The One Hundred-and-Ninth Chart (Spurts)

December 13, 2013

By Ekta R. Garg

Enjoy these Spurts from the last two weeks, readers!

Last Saturday we braved the cold temperatures (we’re regularly hitting highs in the 20s here!) and went to a local art gallery.  The group art classes Seven and Five took for the last two months culminated in an exhibition where the dozens of students who took classes this term got to see their work on display like professional artists.  Given the fact that Five has had a love-hate relationship with the classes this entire time and Seven has managed to show us something just above indifference, I think the adults in the house showed more excitement about the exhibit than the kids.  But after some cajoling, they agreed to go.

We walked around the gallery for a little bit, both kids giving us the facial equivalent of a shrug, and then we decided to go out to lunch and then the mall.  The kids perked up considerably at the mention of lunch out, and they got even more excited when my husband suggested Chipotle.  With Five’s newfound love for quesadillas, we can now include Mexican restaurants in our dining options.

I brought everyone’s food, and Seven looked pointedly at my plate.

“Mamma, what’s that?”


Seven turned to my food basket.  “Hello, tacos.”  She waited a beat and then turned back to me.  “Mamma, the tacos aren’t talking to me.  Shouldn’t they talk to me?  Get it?  Tah-cos?”

Ah, those crazy puns.


Later after lunch as we strolled through the mall, I walked with Five hand in hand.  At one point she turned to me and said, “Millions of years ago there was a man named Tchaikovsky.”

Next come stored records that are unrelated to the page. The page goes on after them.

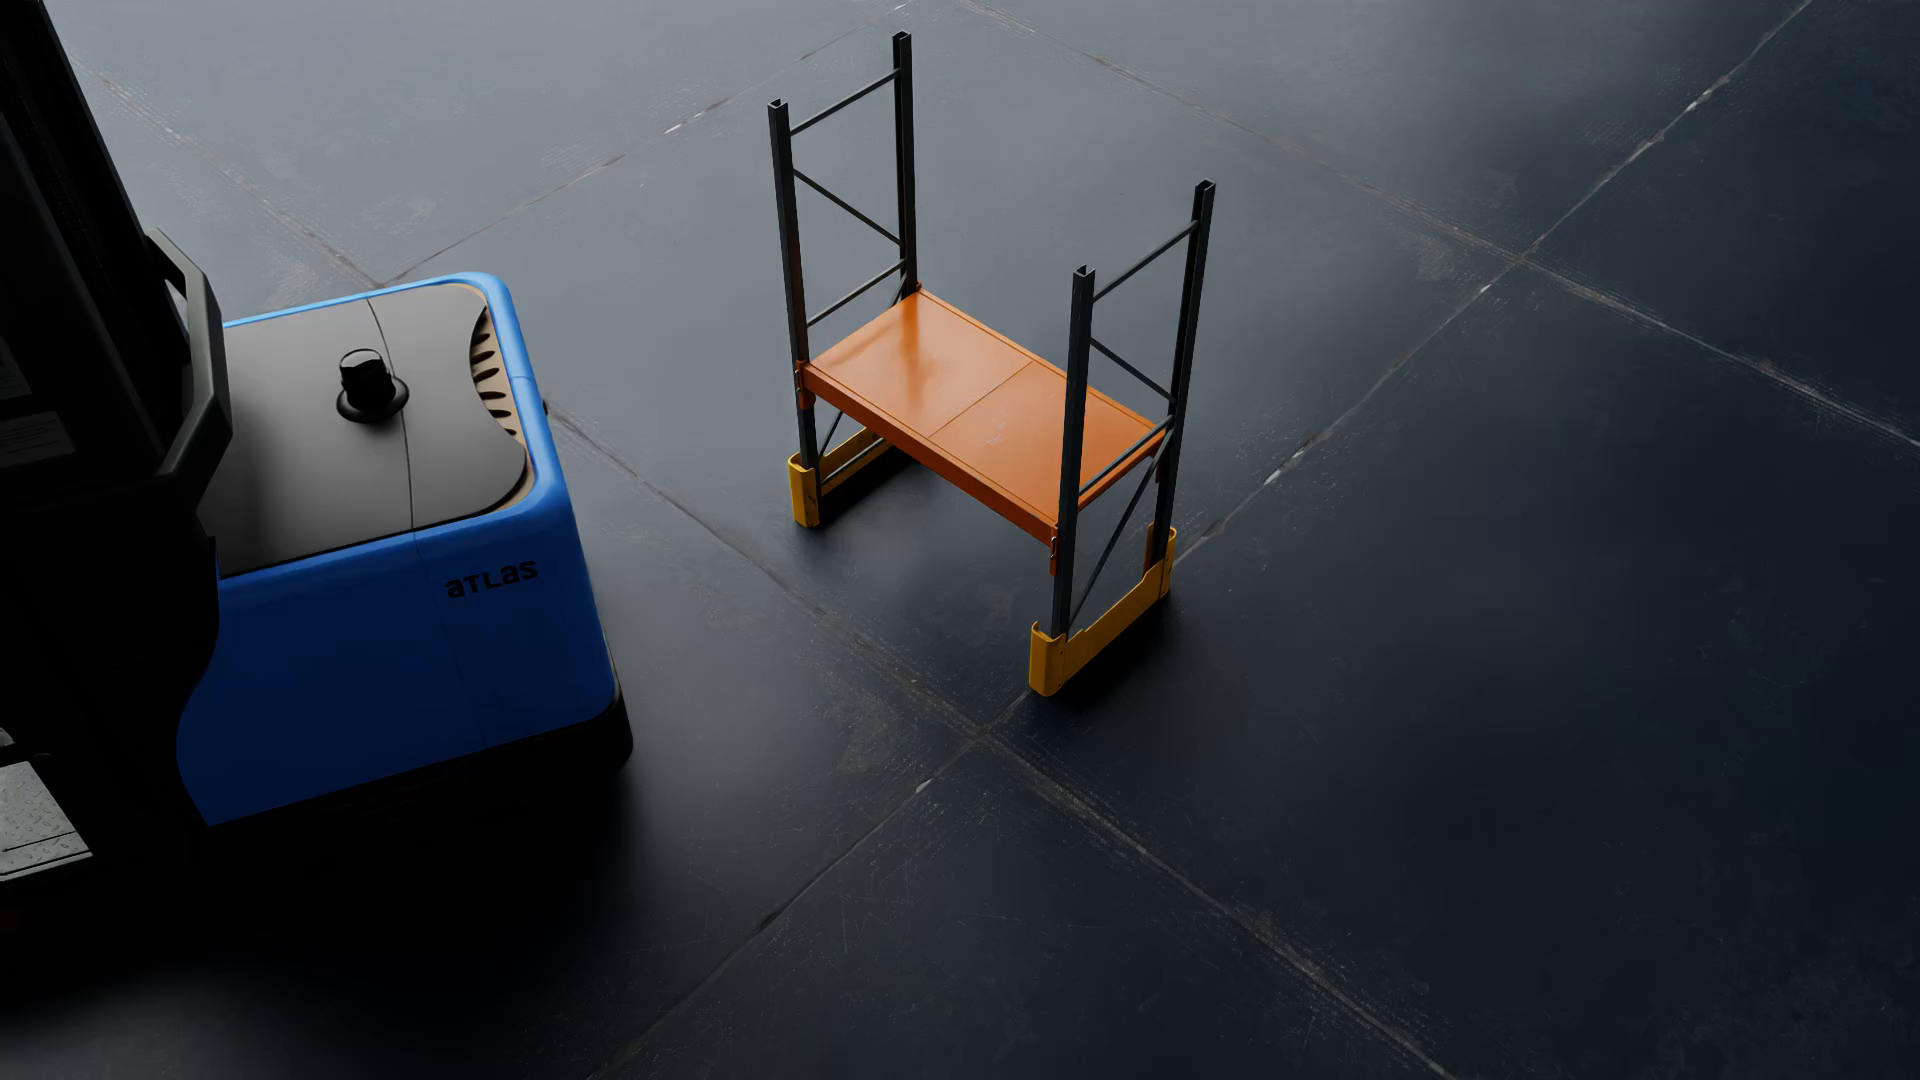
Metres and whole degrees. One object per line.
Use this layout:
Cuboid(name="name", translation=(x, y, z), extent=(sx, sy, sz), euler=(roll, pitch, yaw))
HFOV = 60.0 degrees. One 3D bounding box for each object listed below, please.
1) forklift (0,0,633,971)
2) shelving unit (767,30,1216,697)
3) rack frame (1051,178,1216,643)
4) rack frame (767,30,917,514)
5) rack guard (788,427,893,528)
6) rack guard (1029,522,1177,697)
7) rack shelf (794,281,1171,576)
Cuboid(name="forklift", translation=(-2.479, -0.309, 3.529), extent=(3.031, 2.935, 1.130), euler=(-15, 49, -14))
Cuboid(name="shelving unit", translation=(0.056, -0.476, 4.668), extent=(1.083, 1.500, 0.587), euler=(34, 55, 28))
Cuboid(name="rack frame", translation=(0.436, -0.220, 4.428), extent=(0.032, 1.500, 0.500), euler=(34, 55, 28))
Cuboid(name="rack frame", translation=(-0.311, -0.723, 4.900), extent=(0.032, 1.500, 0.500), euler=(34, 55, 28))
Cuboid(name="rack guard", translation=(-0.310, -0.294, 5.355), extent=(0.087, 0.250, 0.587), euler=(34, 55, 28))
Cuboid(name="rack guard", translation=(0.422, 0.198, 4.892), extent=(0.087, 0.250, 0.587), euler=(34, 55, 28))
Cuboid(name="rack shelf", translation=(0.063, -0.348, 4.795), extent=(1.000, 0.185, 0.538), euler=(34, 55, 28))
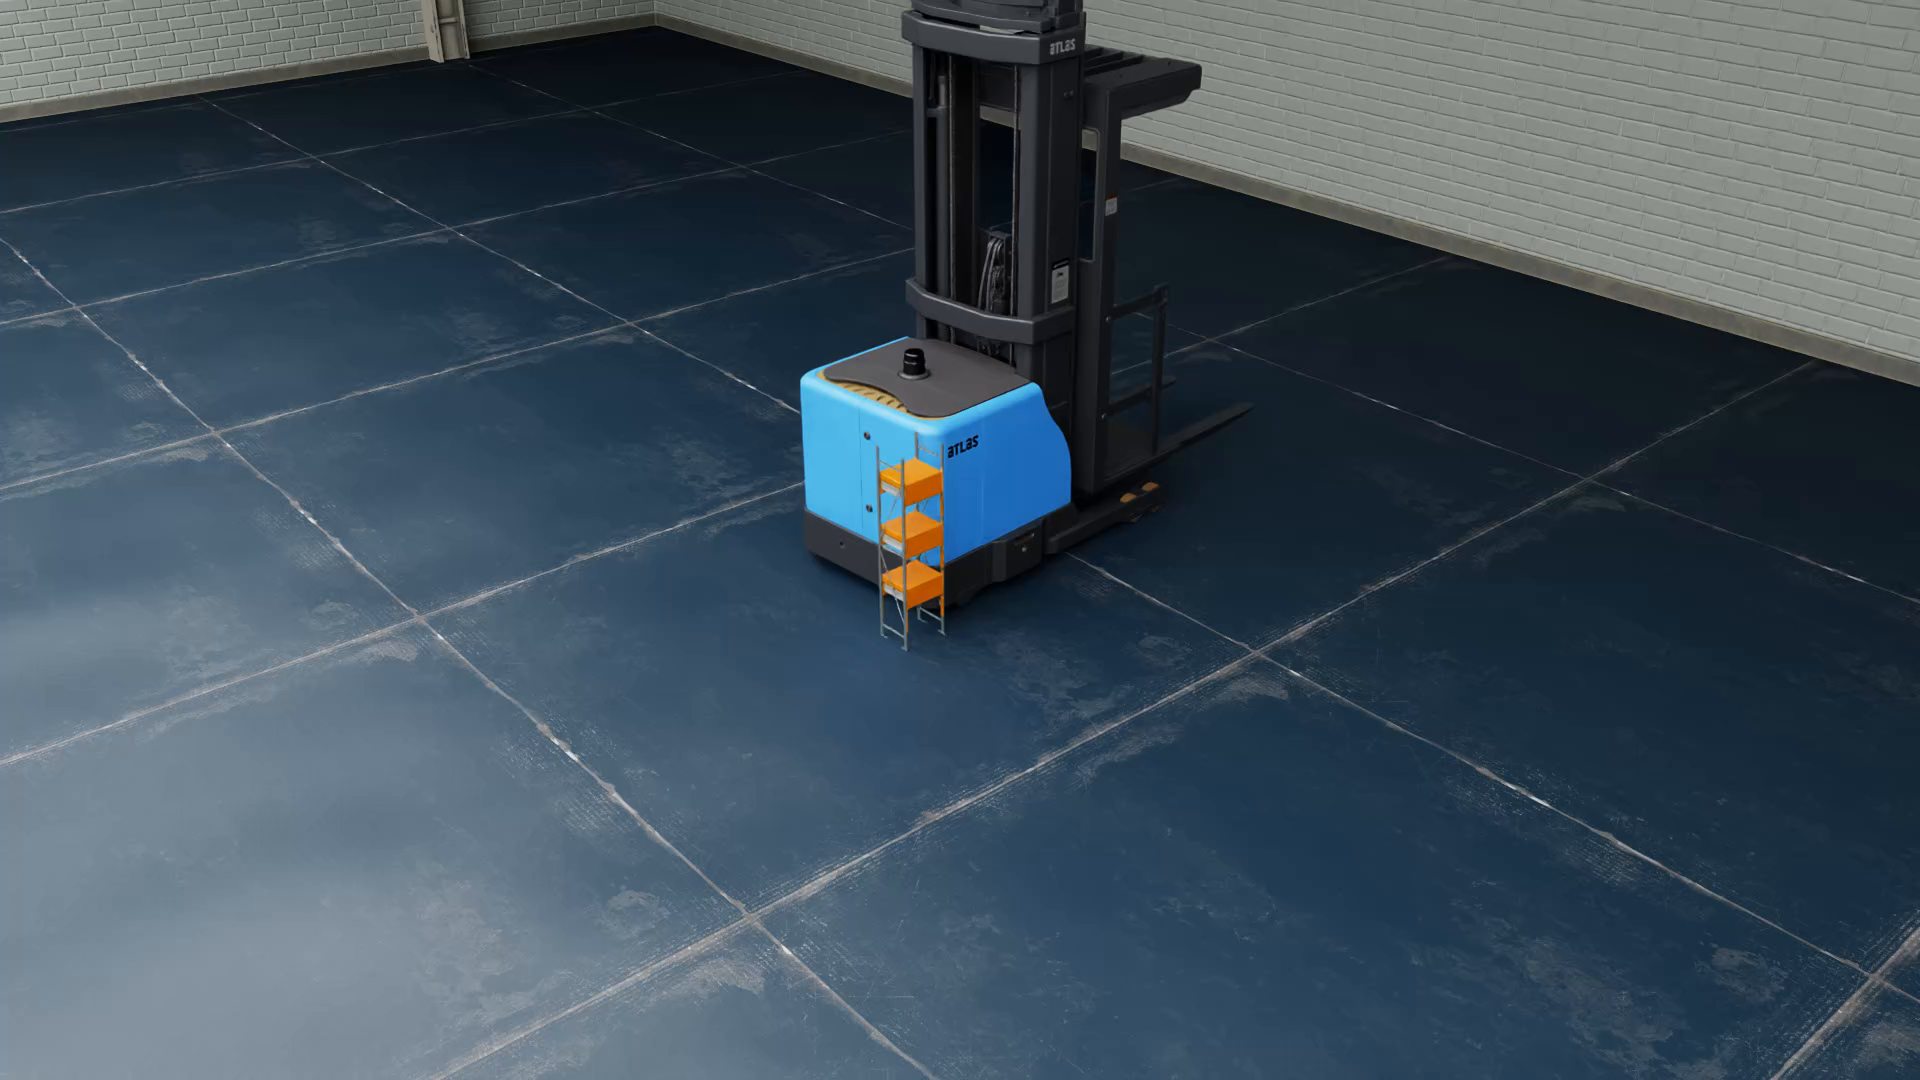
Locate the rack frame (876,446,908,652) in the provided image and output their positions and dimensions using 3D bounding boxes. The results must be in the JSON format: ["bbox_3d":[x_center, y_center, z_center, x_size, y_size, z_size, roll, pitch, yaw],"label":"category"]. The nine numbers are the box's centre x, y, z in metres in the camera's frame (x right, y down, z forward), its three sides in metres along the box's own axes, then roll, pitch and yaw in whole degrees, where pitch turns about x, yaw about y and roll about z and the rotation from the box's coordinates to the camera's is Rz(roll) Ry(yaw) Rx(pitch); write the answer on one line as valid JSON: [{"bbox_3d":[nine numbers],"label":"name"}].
[{"bbox_3d":[-0.329,0.052,8.038,0.008,1.050,0.200,-23,36,-36],"label":"rack frame"}]

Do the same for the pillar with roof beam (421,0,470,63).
[{"bbox_3d":[-3.406,-8.280,15.196,0.400,9.000,9.100,-22,35,-35],"label":"pillar with roof beam"}]

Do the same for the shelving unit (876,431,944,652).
[{"bbox_3d":[-0.239,0.014,8.111,0.252,1.050,0.215,-23,36,-36],"label":"shelving unit"}]

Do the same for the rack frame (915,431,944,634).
[{"bbox_3d":[-0.148,-0.025,8.183,0.008,1.050,0.200,-23,36,-36],"label":"rack frame"}]

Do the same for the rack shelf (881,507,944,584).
[{"bbox_3d":[-0.239,0.023,8.116,0.240,0.259,0.215,-23,36,-36],"label":"rack shelf"}]

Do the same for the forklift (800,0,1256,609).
[{"bbox_3d":[0.548,-1.542,9.025,1.130,2.935,3.031,25,37,38],"label":"forklift"}]

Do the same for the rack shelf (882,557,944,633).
[{"bbox_3d":[-0.239,0.268,8.247,0.240,0.259,0.215,-23,36,-36],"label":"rack shelf"}]

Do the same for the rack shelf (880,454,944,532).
[{"bbox_3d":[-0.239,-0.227,7.982,0.240,0.259,0.215,-23,36,-36],"label":"rack shelf"}]

I waited for her to say something else, share something about the composer’s work, but she seemed content with the single statement.

“Do you know what he did?” I asked, wanting to jog her memory and bring forth the rest of what I was sure was a lesson from music class.


“He used to make beautiful music,” I said.

“I already knew that.”

I stifled the urge to laugh.  “If you already knew it, then why did you say you didn’t?”

She didn’t even bother with a shrug.  “I forgot.”

Five years old, and she’s already got so much knowledge that she even forgets what she knows.


One morning Five got ticked off at me for something, although I can’t remember what now.  The funny thing about Five is that when something sets her off, suddenly the entire world becomes her enemy.  For instance, one day she tripped and just managed to catch herself but knocked her elbow against the wall in the process.  She didn’t hit her elbow too hard, but it did startle her.  When I opened my arms for a hug and asked her if she was okay, she suddenly stated with tears cresting that she wished we’d never moved into this house.

See?  Just a touch melodramatic.

As we got ready for school one day, I scolded Five for something.  A few minutes later I told her I loved her.  She told me flat out that she didn’t believe me.

Seven came into the room and felt her sister’s bad mood broadcasting across the entire second floor.  When she asked me what happened, I told her.

“It’s just a phrase, Mamma, she’ll get over it,” Seven reassured me with the patience and experience of someone who has seen this many times before.  I didn’t have the heart to tell her the actual word is “phase” and not “phrase,” though.  I was enjoying her reassurance too much.


With temperatures plunging the way they are this winter, sometimes it’s hard to keep skin soft and moisturized.  I have dry skin to begin with, and with winter temperatures I have to remind myself that much more often to use hand cream.

One day I examined my dry hands and tried to scrape off a scrap of skin.  Five watched me for a few moments and then said, “If you put lotion on that, then it won’t do that.”

There you go.  Skincare advice from the newest beauty consultant.  It’s easy for her to recommend lotion when she’s still got cheeks as soft as silk.